-- Assignment --
From the entries below, reproduce exactly the line containing "probe_2 = -11..-3.9, 3.9..11", the line containing "outline = (-11, -6.35)", and every line in between, with nothing added.

-- Data to use --

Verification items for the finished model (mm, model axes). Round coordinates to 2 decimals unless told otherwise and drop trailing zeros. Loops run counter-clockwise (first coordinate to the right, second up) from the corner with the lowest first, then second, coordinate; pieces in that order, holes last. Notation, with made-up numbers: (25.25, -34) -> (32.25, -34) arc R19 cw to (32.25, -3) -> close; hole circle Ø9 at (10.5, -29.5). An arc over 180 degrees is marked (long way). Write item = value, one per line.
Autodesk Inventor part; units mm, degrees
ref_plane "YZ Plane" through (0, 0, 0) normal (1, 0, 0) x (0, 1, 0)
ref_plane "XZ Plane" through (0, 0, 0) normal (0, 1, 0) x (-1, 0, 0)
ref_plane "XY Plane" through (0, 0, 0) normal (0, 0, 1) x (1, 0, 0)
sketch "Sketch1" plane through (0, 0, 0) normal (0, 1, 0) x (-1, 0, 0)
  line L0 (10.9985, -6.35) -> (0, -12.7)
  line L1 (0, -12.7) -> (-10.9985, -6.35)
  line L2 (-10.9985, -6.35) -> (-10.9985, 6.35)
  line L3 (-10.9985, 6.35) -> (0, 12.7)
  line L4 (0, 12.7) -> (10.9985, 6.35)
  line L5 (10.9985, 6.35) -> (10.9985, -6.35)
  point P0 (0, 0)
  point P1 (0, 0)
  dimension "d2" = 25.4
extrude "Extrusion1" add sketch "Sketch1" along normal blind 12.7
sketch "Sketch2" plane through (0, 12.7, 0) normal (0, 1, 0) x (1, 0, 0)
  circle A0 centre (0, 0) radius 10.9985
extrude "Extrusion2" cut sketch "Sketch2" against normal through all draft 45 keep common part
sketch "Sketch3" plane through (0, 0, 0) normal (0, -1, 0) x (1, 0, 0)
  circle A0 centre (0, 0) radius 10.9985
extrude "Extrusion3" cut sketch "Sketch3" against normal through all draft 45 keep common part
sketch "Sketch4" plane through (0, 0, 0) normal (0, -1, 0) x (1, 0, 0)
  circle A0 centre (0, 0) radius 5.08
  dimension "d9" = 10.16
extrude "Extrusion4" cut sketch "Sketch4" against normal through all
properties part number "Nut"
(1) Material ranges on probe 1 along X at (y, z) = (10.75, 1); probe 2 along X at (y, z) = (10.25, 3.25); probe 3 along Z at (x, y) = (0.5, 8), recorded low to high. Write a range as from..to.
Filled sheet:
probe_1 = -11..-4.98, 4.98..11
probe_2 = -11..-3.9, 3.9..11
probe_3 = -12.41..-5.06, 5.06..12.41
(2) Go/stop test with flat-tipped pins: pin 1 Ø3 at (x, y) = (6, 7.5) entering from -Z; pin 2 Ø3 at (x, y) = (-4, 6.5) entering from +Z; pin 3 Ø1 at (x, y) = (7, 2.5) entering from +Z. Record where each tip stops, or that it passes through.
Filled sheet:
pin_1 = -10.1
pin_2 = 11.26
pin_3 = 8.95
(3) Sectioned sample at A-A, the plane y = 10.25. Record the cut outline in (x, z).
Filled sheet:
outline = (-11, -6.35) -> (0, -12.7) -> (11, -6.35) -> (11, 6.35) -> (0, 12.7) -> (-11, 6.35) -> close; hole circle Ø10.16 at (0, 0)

==

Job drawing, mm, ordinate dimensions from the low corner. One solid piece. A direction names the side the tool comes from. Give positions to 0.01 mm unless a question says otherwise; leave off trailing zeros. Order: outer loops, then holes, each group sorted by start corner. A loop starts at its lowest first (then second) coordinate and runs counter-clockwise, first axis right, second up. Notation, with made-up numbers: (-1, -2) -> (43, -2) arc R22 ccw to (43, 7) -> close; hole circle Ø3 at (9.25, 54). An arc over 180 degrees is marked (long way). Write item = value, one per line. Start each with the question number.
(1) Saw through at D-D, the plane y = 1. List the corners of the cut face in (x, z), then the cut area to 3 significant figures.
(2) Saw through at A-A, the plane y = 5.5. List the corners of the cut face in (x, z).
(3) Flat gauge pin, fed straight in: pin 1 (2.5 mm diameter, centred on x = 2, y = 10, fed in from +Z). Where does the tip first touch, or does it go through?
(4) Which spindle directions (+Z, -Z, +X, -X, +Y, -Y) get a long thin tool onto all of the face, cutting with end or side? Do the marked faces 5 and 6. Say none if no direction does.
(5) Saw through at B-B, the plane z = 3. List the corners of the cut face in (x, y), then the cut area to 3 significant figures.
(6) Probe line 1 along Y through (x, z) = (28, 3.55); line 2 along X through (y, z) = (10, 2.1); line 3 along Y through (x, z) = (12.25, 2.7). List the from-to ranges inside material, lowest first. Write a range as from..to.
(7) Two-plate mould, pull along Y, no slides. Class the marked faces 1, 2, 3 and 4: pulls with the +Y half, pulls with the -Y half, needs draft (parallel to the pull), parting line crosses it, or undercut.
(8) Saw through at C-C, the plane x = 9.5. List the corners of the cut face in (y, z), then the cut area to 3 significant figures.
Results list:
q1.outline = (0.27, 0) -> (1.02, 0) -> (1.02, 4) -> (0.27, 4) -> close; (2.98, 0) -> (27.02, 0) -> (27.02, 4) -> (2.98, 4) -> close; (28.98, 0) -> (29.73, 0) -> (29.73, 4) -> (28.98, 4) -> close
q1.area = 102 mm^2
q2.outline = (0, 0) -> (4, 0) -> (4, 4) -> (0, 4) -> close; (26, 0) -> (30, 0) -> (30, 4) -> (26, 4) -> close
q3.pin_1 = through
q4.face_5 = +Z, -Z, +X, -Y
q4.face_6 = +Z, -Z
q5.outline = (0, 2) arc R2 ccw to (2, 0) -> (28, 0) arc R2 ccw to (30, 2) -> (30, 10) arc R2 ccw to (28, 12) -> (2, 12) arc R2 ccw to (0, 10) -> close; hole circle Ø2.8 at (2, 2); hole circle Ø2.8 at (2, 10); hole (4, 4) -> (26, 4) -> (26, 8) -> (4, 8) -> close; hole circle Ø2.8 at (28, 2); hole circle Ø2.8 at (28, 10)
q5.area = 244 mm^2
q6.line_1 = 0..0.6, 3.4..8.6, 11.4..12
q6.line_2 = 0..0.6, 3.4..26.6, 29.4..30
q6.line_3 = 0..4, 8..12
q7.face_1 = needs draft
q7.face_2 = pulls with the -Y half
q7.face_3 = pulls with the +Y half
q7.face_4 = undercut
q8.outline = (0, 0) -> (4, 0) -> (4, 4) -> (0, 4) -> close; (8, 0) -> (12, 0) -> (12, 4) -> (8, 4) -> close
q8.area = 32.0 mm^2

-- Result of this exercise --
probe_2 = -11..-3.9, 3.9..11
probe_3 = -12.41..-5.06, 5.06..12.41
(2) Go/stop test with flat-tipped pins: pin 1 Ø3 at (x, y) = (6, 7.5) entering from -Z; pin 2 Ø3 at (x, y) = (-4, 6.5) entering from +Z; pin 3 Ø1 at (x, y) = (7, 2.5) entering from +Z. Record where each tip stops, or that it passes through.
Filled sheet:
pin_1 = -10.1
pin_2 = 11.26
pin_3 = 8.95
(3) Sectioned sample at A-A, the plane y = 10.25. Record the cut outline in (x, z).
Filled sheet:
outline = (-11, -6.35) -> (0, -12.7) -> (11, -6.35) -> (11, 6.35) -> (0, 12.7) -> (-11, 6.35) -> close; hole circle Ø10.16 at (0, 0)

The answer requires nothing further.